I was pretty hopeless at the whole dating game till I read The Game and
started to try it out; it was a brilliant read. But the bare truth of it is
that it doesn't actually work all that well. Oh yeh sure you can be a PUA and
grab some fairly shallow girls - but it's a bit boring to be honest (and your
success rate is fairly low - you "win" by asking lots of women). The only
thing The Game gives you is confidence; which is 90% of the trick.

Indeed the best advice in this article is twofold.

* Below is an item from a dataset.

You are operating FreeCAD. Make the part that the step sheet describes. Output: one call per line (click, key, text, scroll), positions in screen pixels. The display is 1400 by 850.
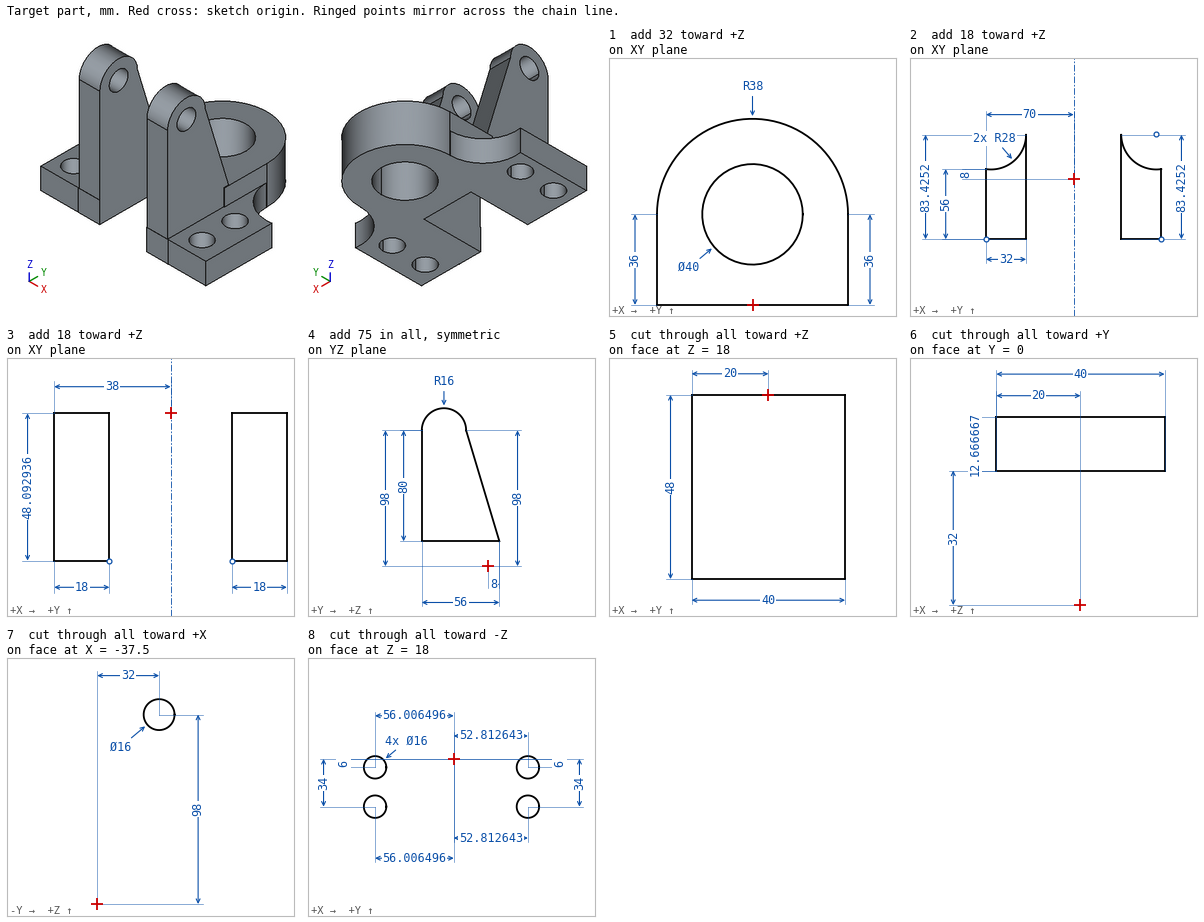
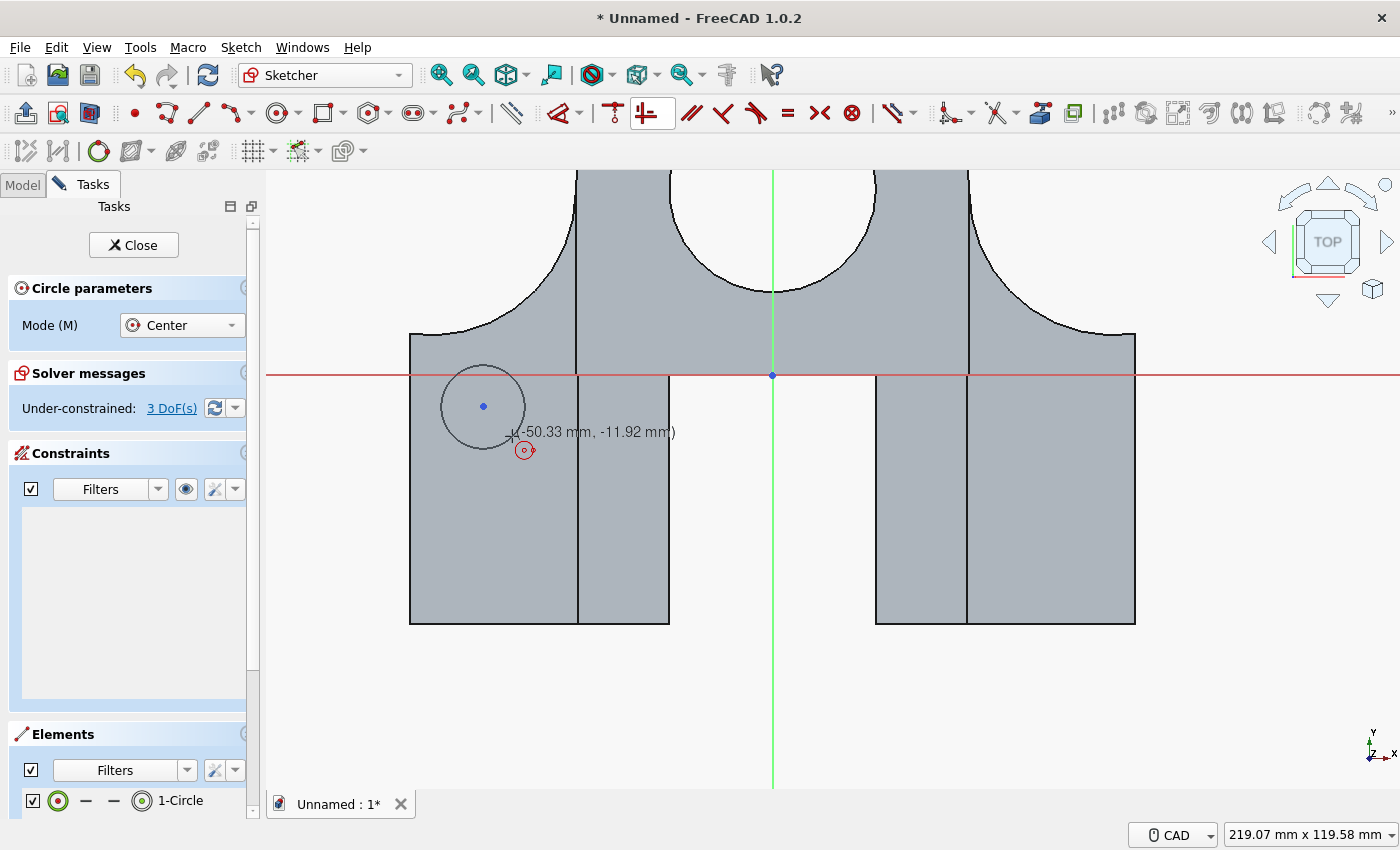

\- Confidence (subtly suggested) is a big factor. She's talking to you - if
your not confident she'll only stay out of sympathy

\- Dont pay for everything/anything; the _best_ advice you will ever learn. I
had plenty of crap dates spending loads of money in the hope of getting laid
and it invariably went nowhere (a kiss on the cheek usually, bah). Till one
date the girl randomly said "I'm not going to sleep with you tonight, can we
just have a nice time" - so with no real investment in the evening we had an
awesome fun just spending time together.

Now when I go on a date the first thing I'll say is "so do you want to get the
first round or the second?". It's subtle but works brilliantly; usually we
share the rounds and have a great time (and maybe sleep together, but I find
that a less important conclusion now)

Against all the odds Im a pretty good dater. So when my friends ask for advice
or help I usually say:

\- go on a date just to have a good time with a girl, not just to sleep with
her

\- share the costs

\- dont be gentlemanly at the end of the night. She's a person too and if
she's not interested in getting laid she'll just say no

\- be confident. She's on a date with you already!!

:)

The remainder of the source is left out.